La visita reciente de dos generaciones de mi descendencia al páramo andino y el intercambio de lluvia de imágenes, que a la velocidad de hoy, produce un minuto a minuto de la visita desde la distancia, me confrontó con lo efímero de la vida (Otro concepto de la misma escuela que me contó lo de las Cinco Águilas).
Mientras yo de niño fantaseaba con imágenes nevadas en blanco y negro, esos glaciares o esas Cinco Águilas, si lo prefieren, invitaron, bienvinieron y alojaron a visitantes que, más allá de lo contemplativo, interactuaron deportivamente, hombre-natura, en actividades tan extremas como el descenso en esquí sobre nieve.
Hasta los años sesenta  sólo había cinco pistas de esquí consideradas como las más altas del mundo y una de ellas estaba en nuestra Sierra Nevada de Mérida. Era el Pico Espejo.
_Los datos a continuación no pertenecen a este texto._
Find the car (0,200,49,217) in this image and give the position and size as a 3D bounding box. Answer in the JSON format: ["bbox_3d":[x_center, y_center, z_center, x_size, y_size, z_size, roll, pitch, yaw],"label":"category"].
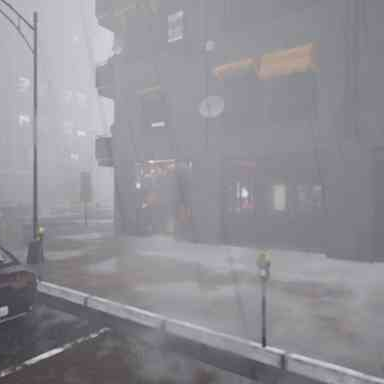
[{"bbox_3d":[-14.123,1.336,26.226,2.008,1.369,4.403,1,1,35],"label":"car"}]

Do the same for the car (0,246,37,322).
[{"bbox_3d":[-4.617,1.548,6.188,4.403,1.369,2.008,0,0,36],"label":"car"}]

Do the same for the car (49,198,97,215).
[{"bbox_3d":[-11.020,1.235,30.642,1.752,1.417,4.829,1,1,35],"label":"car"}]
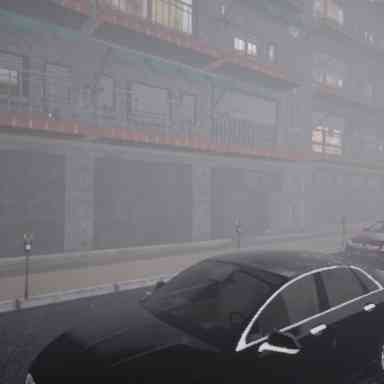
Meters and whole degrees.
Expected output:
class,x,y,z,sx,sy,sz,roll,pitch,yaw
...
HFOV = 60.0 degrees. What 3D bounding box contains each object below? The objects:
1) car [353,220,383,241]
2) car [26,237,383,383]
class,x,y,z,sx,sy,sz,roll,pitch,yaw
car,7.090,1.648,11.609,4.206,1.307,1.802,0,1,-36
car,0.747,1.520,3.914,4.892,1.490,1.837,0,0,-36
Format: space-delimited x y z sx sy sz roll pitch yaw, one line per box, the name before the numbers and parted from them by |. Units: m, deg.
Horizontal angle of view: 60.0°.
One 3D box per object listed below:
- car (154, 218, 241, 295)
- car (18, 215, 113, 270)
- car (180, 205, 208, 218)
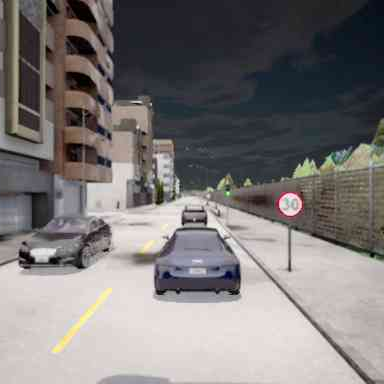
car | 0.122 1.633 8.965 1.994 1.385 4.181 0 0 0
car | -4.061 1.578 11.473 2.128 1.511 4.902 0 0 0
car | 0.122 1.680 24.797 2.128 1.511 4.902 0 0 -1
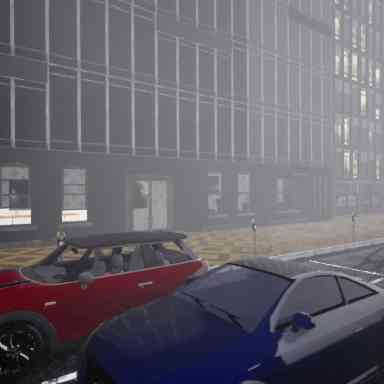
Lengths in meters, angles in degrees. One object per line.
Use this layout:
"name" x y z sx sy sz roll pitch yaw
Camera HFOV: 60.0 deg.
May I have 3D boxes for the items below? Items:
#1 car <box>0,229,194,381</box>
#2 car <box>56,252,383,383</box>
"car" -1.639 1.440 5.396 4.097 1.590 1.967 0 0 -35
"car" 0.841 1.563 3.975 4.181 1.385 1.994 0 0 -35

Ciertamente no es una de las cinco Águilas Blancas, pero eso sería solo un detalle porque desde él podía verse la continuidad nívea  de las cinco aves legendarias.

Año 1956 - Fotografía cortesía de Venezuela Inmortal





A un lado, los Picos Bolívar, La Concha y, como uno, el Humboldt y el Bonpland, compartiendo una misma estructura. Al otro, los picos El Toro y El León.

Parece mentira  hoy a tan relativamente pocos años estemos presenciando la desaparición de esos glaciares al extremo de ser testigos de la agonía del último de ellos.
Otra evidencia de cómo el entorno puede inspirar la vida de sus habitantes es el que quizás fue el último testigo del proceso de deshielo de nuestros glaciares andinos. Se llamaba Francisco. Era otro enamorado de esas nieves. Les escribió canciones, poemas, contrapunteos y hasta chistes. A falta de fotografías, narraba imágenes que podían hacer sentir a quienes  bien escucháramos,  la nostalgia de un pasado que no habíamos vivido.

Ya el “creador de leyendas” como se le conoció a Tulio Febres Cordero, al tiempo de publicar “Las Cinco Águilas Blancas” escribía esto:

“(…) el deshielo es evidente. De ello no se da cuenta la nueva generación sino a medias; pero los que contemplamos los bellos nevados hace más de cincuenta años, vemos con tristeza que la gran maravilla de Mérida, su diadema de perpetuas nieves, va desapareciendo de un modo sensible.” 

Un hombre producto de la magia de los glaciares, me parece. Era años veinte del siglo pasado y esa suerte de predicción, para decirlo en términos de hoy, no llegó a ser trending topic.

          ................

Pues sí, el tiempo pasa. Desde mis fantasías infantiles con las cumbres heladas hasta hoy ya no hay pista para descenso en esquí, Francisco falleció hace unos meses en 2018. La heladería Coromoto vivió sus propias glaciaciones y cerró dos veces por escases de insumos y una tercera por duelo. Don Manuel también nos dejó. Y la leyenda de las Águilas Blancas perderá sentido al explicar algo que no existe.
Dicho en una sola oración: Hoy los glaciares andinos son una nostalgia, ya no más una esperanza.
Y vuelvo a fantasear aquí sentado ante este teclado, ya en clave nostálgica.
Sumo los años de contemporaneidad amorosa y registro acucioso de los glaciares de Tulio Febres Cordero y Francisco Castillo, también los más de sesenta de Don Manuel Da Silva entre nosotros y los proyecto en el  tiempo unos doscientos años hacia adelante. Gracias a la física cuántica pliego el tiempo y perforo. Así  traigo del futuro una minicrónica encontrada en el cofre de los libros perdidos al final de ese túnel de gusano o madriguera de conejo (para citar un clásico). Aunque creo que faltan algunas páginas miren lo que dice:

"En una cápsula que se desplaza en este sistema ya multicentenario de ascenso a la montaña y que, no obstante los avances tecnológicos y los cambios de diseño, seguimos llamando teleférico, nos hacen  un turisteo contemplativo a distancias de tiempo y de espacio.
Nuestra guía, con el acento del hablar de la zona, marcado por esa eterna amabilidad idiosincrática, nos decía:

-¿Ven aquellas elevaciones? Sí, esos seis picos que a ratos parecen cinco. Pues cuenta la historia que fueron llamados los de las nieves perpetuas. Vistos así, tan verdes o tan ocres, según la temporada, pareciera que estuviéramos hablando de nuestra Atlántida local. Para mí eso es toda una leyenda urbana -Remataba con aires de que era una ocurrencia del momento.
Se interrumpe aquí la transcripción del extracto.